Bu futbolun karakterdir. Bu hal de seyirciyi kolektif histeri diyebileceğimiz bir alana taşır. Ve kadın erkek, çoluk çocuk, cemi cümle kenar mahalleden şirket CEO’suna kadar herkesin toptan küfredebilmesinin sebebi budur. Bu kendi başına çok garip bir durumdur. Çünkü futbol 11 adamın karşılıklı olarak bir topun peşinden koşmasından ibaret değildir. Bunun bir toplumsal dalgalanmaya, hale, histeriye dönüşmesi, bunun tarihsel bir olgu haline gelmesi kendi başına bir durumdur. Aslında Anderson’un Hayali Cemaatler kitabında ulus için anlattığı hayali cemaat olma durumu, futbol takımları için çok daha fazlasıyla geçerlidir. Meselenin bu tarafı düşündürücüdür. İdeolojik gruplarda görülen ideolojiye bağlı histeriyi çağrıştırır akıl dışına düşme durumu mütemadiyen tezahür etmektedir. Ki burada ortada çarpık da olsa bir düşünce olmadığı için daha saçma, bazen de neredeyse kollektif cinnet diyebileceğimiz haller zuhur edebilmektedir.
İnsanın genel olarak yukarı ile irtibatını, yani üst alanla üst prensiple irtibatını kural olarak tamamen kapatabilmesi mümkün değildir. Modern toplum tekâmül yollarını mümkün mertebe kesebilmek üzerine yoğunlaşmaktadır. Modern dünyanın egemen aklının siyaseti mütemadiyen ikilik oluşturmak, mevcut ikilikleri körüklemek, yoksa suni ikilikler icat etme siyaseti olarak tanımlanabilir. Demek ki modern dünyanın konsepti keskin çatışmaların devamı ve hatta çatışma yoksa icadı, zayıfsa körüklenmesi üzerine kuruludur. Ki bir toplumda mesela Türkiye’de sadecefutbol takımları taraftarlığı üzerinden, İstanbul’da Türkiye’de bir taraftar çatışması çıkması bile imkân dolayısıyla da ihtimal dâhilindedir.

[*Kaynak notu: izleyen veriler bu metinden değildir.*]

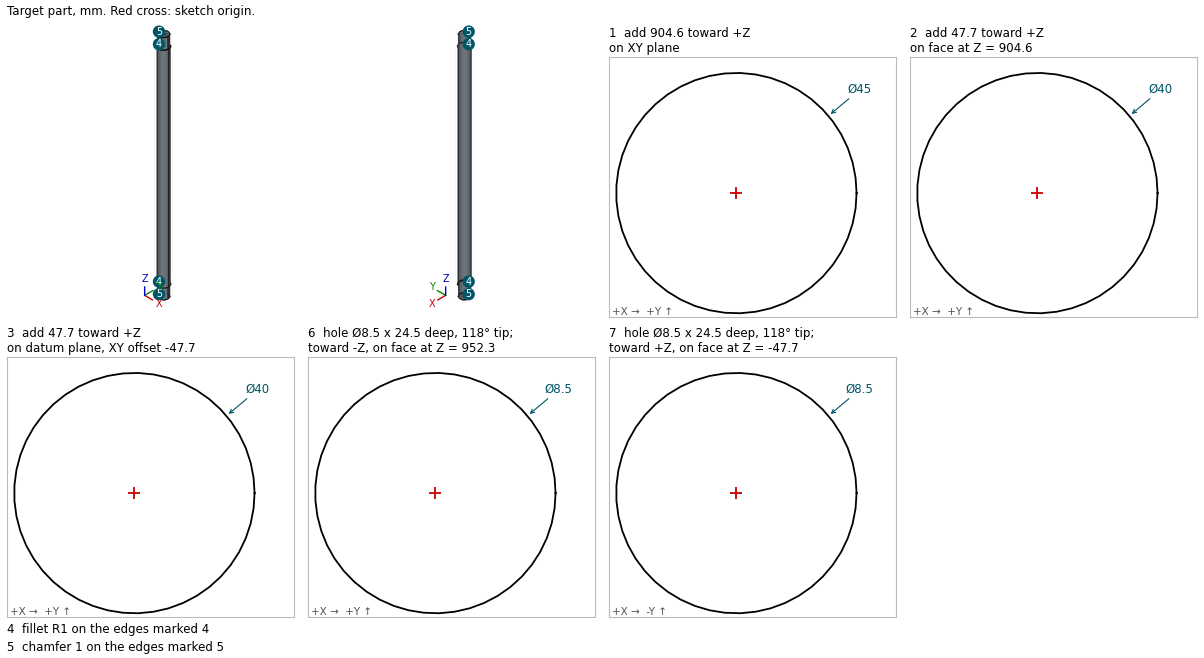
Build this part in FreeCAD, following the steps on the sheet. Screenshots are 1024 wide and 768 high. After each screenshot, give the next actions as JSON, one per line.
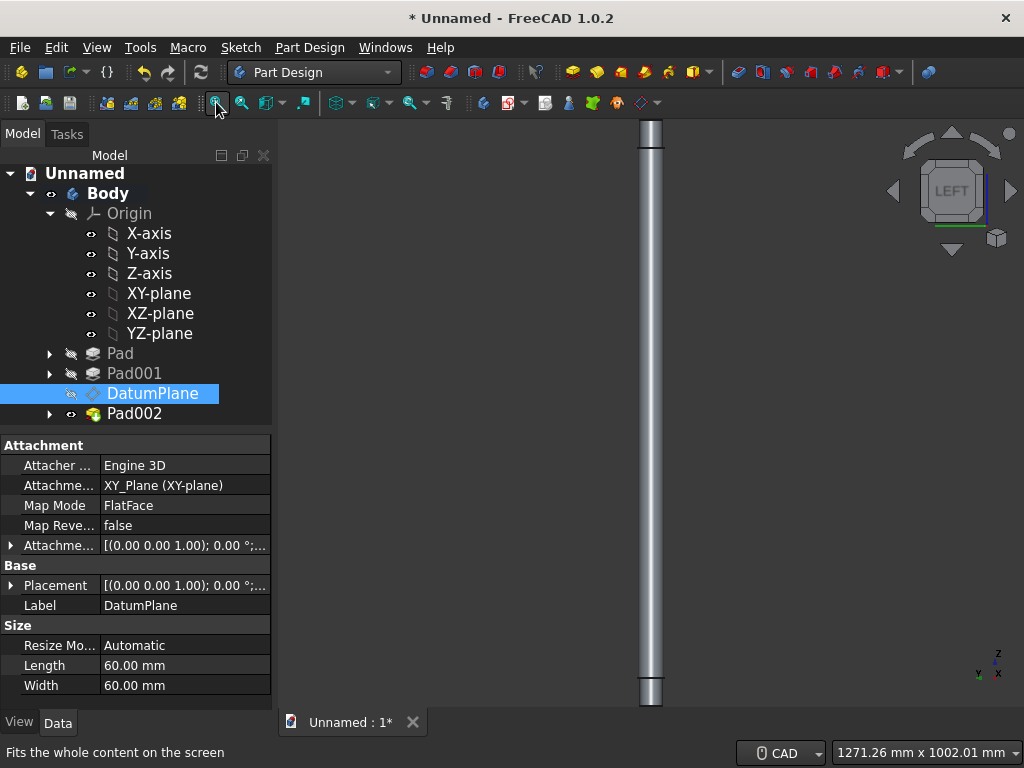
{"action": "key", "text": "0"}
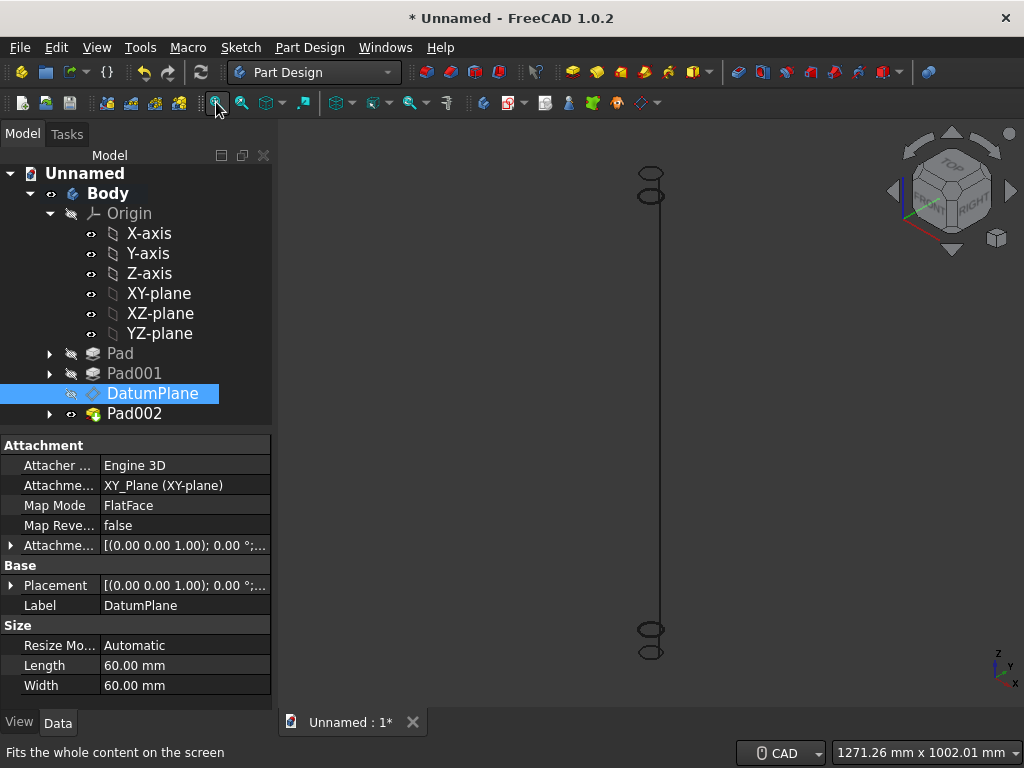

Modern dünya insanı genel olarak akıl dışı alana çekmeye ve aklı gölgelemeye çalışır. Bunu sinema ile uyuşturucu ile yapar. Beri yandan bir de futbolun da böyle bir işlevi olduğu söylenebilir. İdeolojik kamplaşmalarda da böyledir, kişiler ve gruplar akıl dışı alana itildiği zaman onların akıl yönünden ıslah olmaları son derece zordur. Zaten ideolojik kamplaşmalar da bu yüzden kolay kolay çözülemez, akli bir neticeye bağlanamaz. Ama futbol insanları bazen hepten akıl dışı bir alana taşıdığı için burada çıkacak sorun iyicene bizi çetrefil bir yere götürebilir. Tüm bunların 26 Ekim 1863 tarihinde Londra’da futbolun ilk kurallarının İngiltere Birleşik Büyük Mason Locası tarafından konulmuş olması ile irtibatı olmalıdır. Ve bunun da herhalde hakiki manevi otoritenin yerini almış olan masonluğun ve diğer bazı cemiyetlerin modern dünyada oynadığı rol ile irtibatı vardır. Bu ise bir başka yazının konusudur.